Heidi Reimer, the editor of Becoming Complete, a magazine for guys and girls that covers a variety of topics related to Christian living, believes home schooling gave her the character necessary to handle the job.  “Home schooling has made me an independent learner and an initiator, able to work on my own, to see a need and fill it,” she explains.

LARA & LISA BODE, EDITORS OF THE KING’S DAUGHTER, HAVE FIVE YOUNGER SIBLINGS FOR THEIR "STAFF".Growing And Learning

Each of the students, however, feels work on their publications has been a learning experience in and of itself. While they’re all intent on changing the world, they recognize that the interaction and exposure to others has changed them as well.

Though very conservative, HopeChest has managed to keep its standards high without an overly critical spirit. In her Dec/Jan editorial Elizabeth commented on her struggle with judging others by their clothing and not their hearts. As the girls’ ministry has grown, so has its focus. They write, “Although we began HopeChest largely because we wanted friends who shared our convictions and lifestyle, we’ve discovered a greater vision during the years we’ve been publishing. The girls we’ve met through HopeChest range from the daughter of Mennonite farmers to mainstream Christians from the suburbs, but our common love for the Lord and earnest desire to do His will unites us. The insights these friends offer from their diverse vantage points have been such a blessing to us.”

Becoming Complete only circulates to about thirty families presently, but Heidi Reimer has been stretched by the work. “Editing and publishing a magazine, even a small one, is tough,” she states emphatically. But she wouldn’t trade the learning experience for the world. “Computer problems, subscriber troubles, the scramble to fill an issue and to get it out on time, an occasional harsh letter...all are opportunities for growth,” she says.
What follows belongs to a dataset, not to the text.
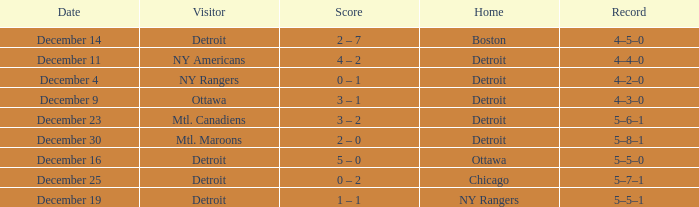What score has mtl. maroons as the visitor? 2 – 0. 
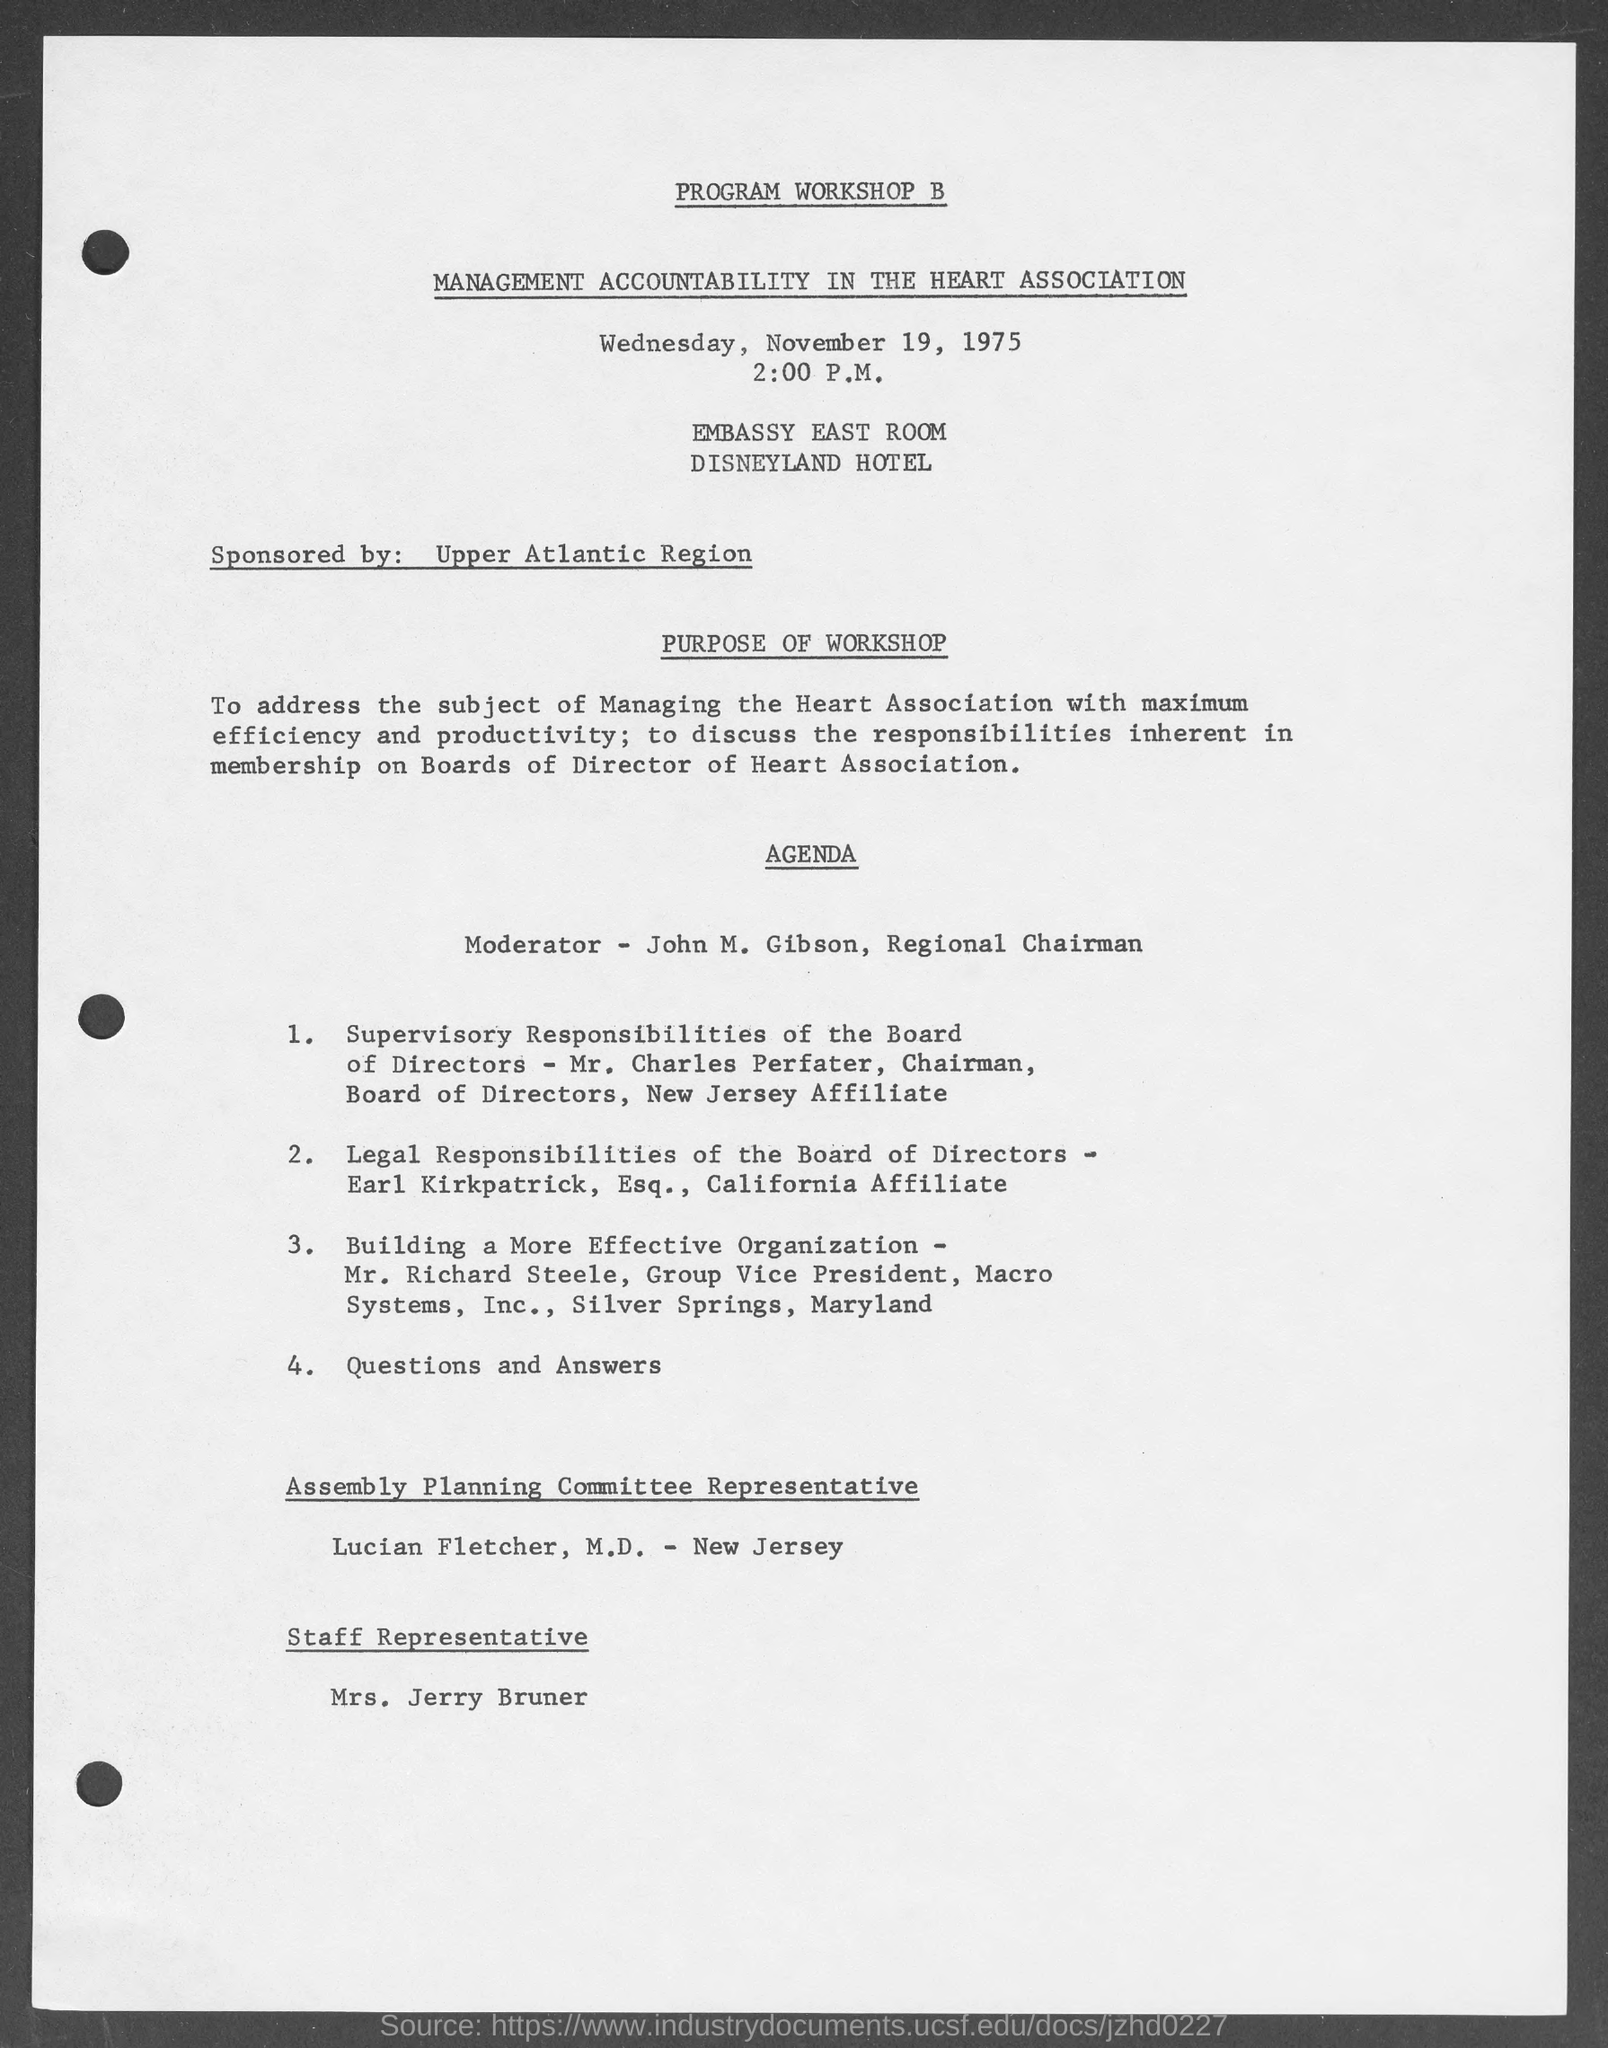List a handful of essential elements in this visual. I declare that the program was sponsored by the Upper Atlantic region. The assembly planning committee representative is Lucian Fletcher, M.D. The document mentions Wednesday. The document mentions that the date is November 19, 1975. The moderator named in the agenda is John M. Gibson.

Matthew Fisher is learning more than just the ins and outs of writing and editing. He and Jeremy are learning how to work as a team. “When working with your best friend in a partnership, your friendship is challenged,” he says. “If you do not put God first and your pride last, then it is impossible to work together.”

Only time will tell what the future holds for the magazines and newsletters. But the young editors are confident that the effort is worth it. F. and Elizabeth speak for them all when they write, “It is a lot of work, but as Henry Wadsworth Longfellow once said, ‘the heights by great men reached and kept were not attained by sudden flight, but they, while their companions slept, were toiling upward in the night.”